EXERCISE DESCRIPTION
Line by line, transcribe the data below exactly and pass over the images.

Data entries

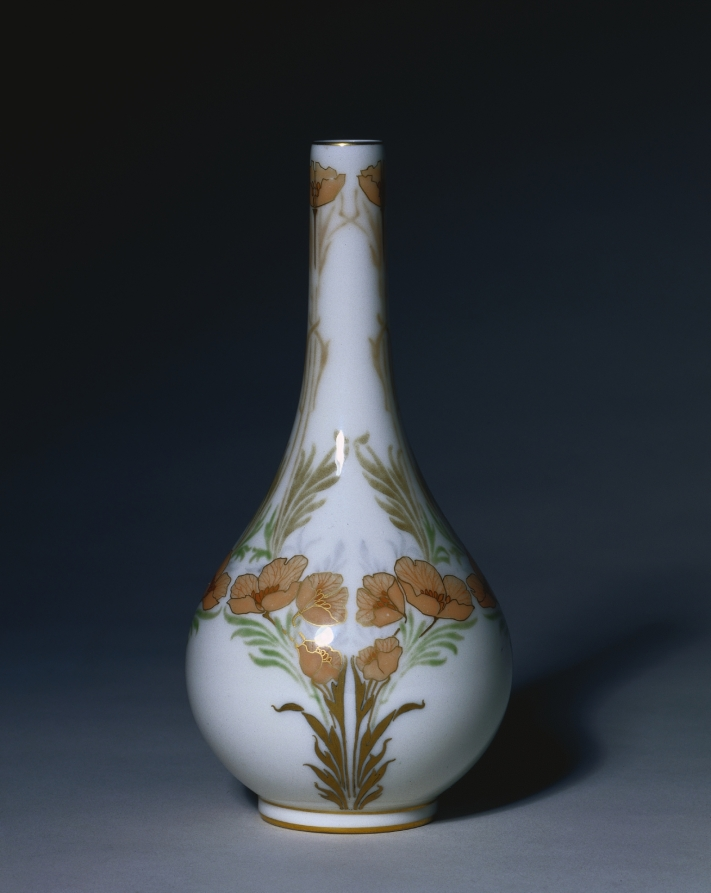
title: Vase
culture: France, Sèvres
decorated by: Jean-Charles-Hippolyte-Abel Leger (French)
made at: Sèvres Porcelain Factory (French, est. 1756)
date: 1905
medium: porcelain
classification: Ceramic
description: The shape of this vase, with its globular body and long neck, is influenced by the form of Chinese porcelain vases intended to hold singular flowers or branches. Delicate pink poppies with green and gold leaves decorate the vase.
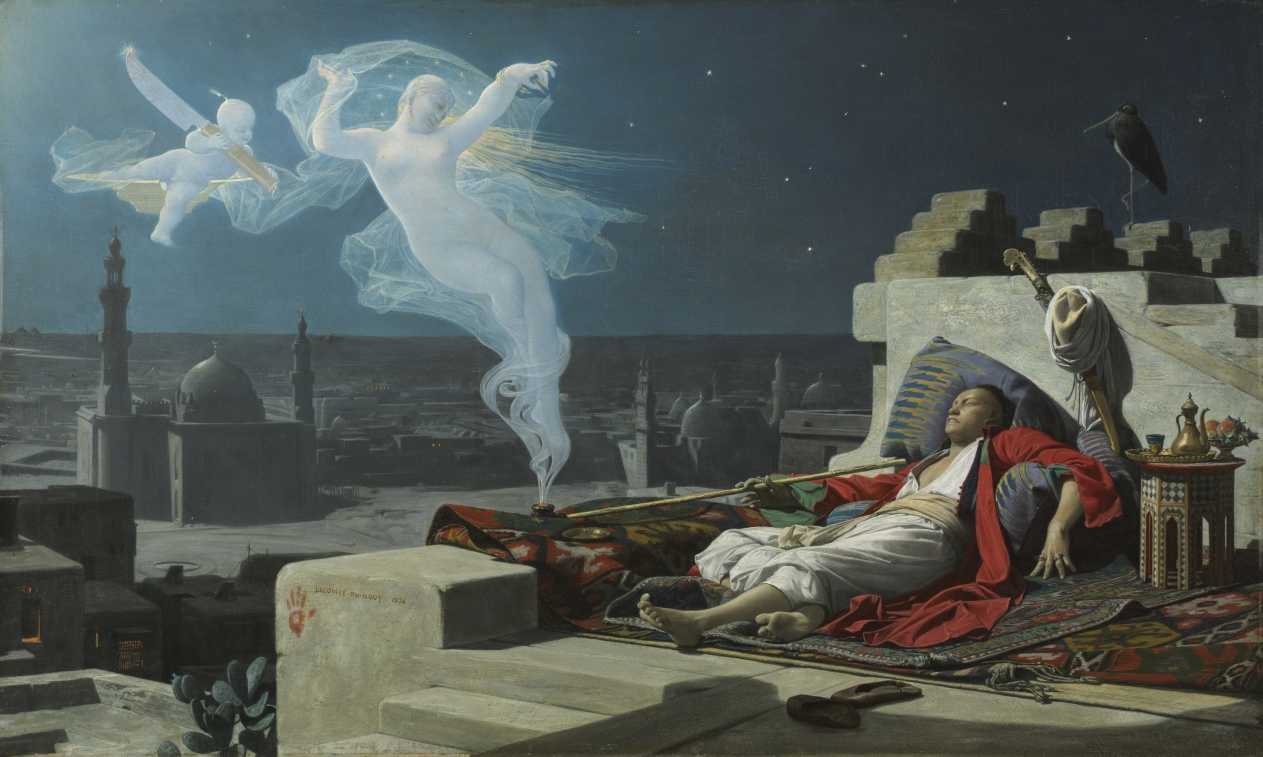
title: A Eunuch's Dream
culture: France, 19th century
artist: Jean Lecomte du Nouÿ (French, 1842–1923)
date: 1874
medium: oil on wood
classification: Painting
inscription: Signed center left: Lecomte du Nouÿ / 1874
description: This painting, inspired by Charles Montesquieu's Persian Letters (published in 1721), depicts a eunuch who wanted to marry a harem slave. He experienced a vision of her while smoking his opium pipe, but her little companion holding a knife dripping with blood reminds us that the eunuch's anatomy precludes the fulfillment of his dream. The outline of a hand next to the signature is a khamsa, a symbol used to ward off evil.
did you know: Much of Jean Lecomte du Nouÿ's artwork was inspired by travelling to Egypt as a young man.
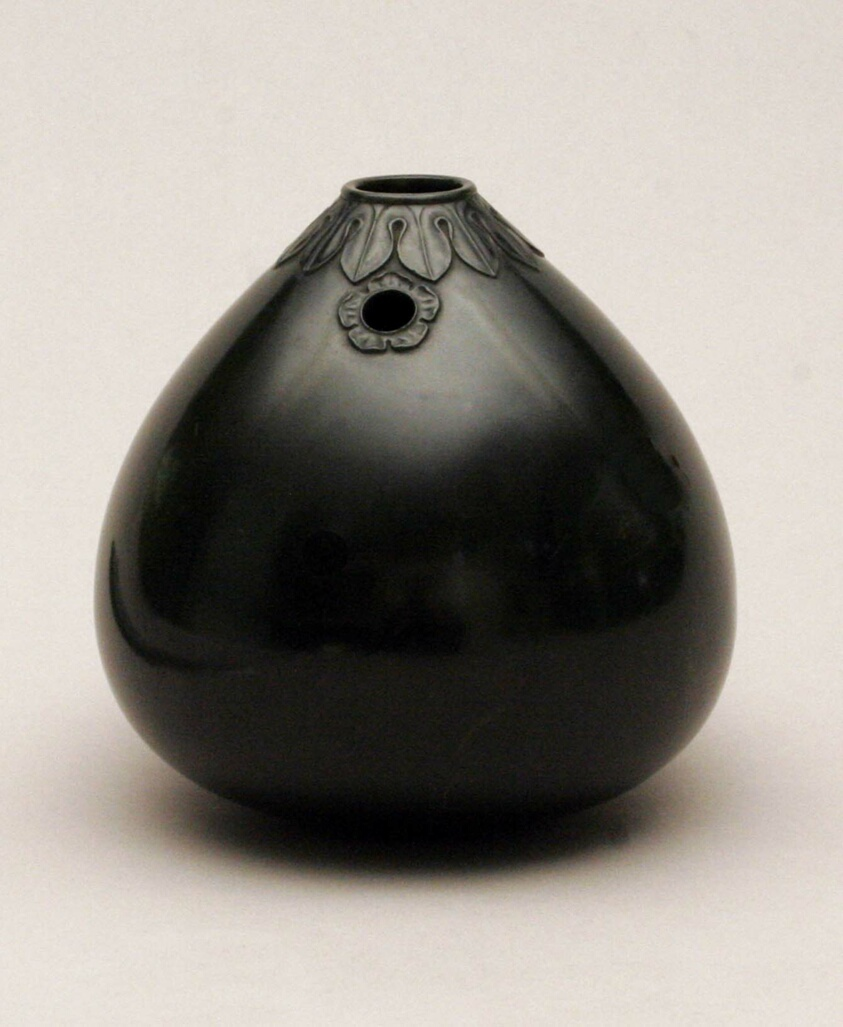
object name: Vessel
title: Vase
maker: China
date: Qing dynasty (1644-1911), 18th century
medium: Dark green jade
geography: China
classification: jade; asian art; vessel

ANSWER FOR THE TASK
title: Vase
culture: France, Sèvres
decorated by: Jean-Charles-Hippolyte-Abel Leger (French)
made at: Sèvres Porcelain Factory (French, est. 1756)
date: 1905
medium: porcelain
classification: Ceramic
description: The shape of this vase, with its globular body and long neck, is influenced by the form of Chinese porcelain vases intended to hold singular flowers or branches. Delicate pink poppies with green and gold leaves decorate the vase.
title: A Eunuch's Dream
culture: France, 19th century
artist: Jean Lecomte du Nouÿ (French, 1842–1923)
date: 1874
medium: oil on wood
classification: Painting
inscription: Signed center left: Lecomte du Nouÿ / 1874
description: This painting, inspired by Charles Montesquieu's Persian Letters (published in 1721), depicts a eunuch who wanted to marry a harem slave. He experienced a vision of her while smoking his opium pipe, but her little companion holding a knife dripping with blood reminds us that the eunuch's anatomy precludes the fulfillment of his dream. The outline of a hand next to the signature is a khamsa, a symbol used to ward off evil.
did you know: Much of Jean Lecomte du Nouÿ's artwork was inspired by travelling to Egypt as a young man.
object name: Vessel
title: Vase
maker: China
date: Qing dynasty (1644-1911), 18th century
medium: Dark green jade
geography: China
classification: jade; asian art; vessel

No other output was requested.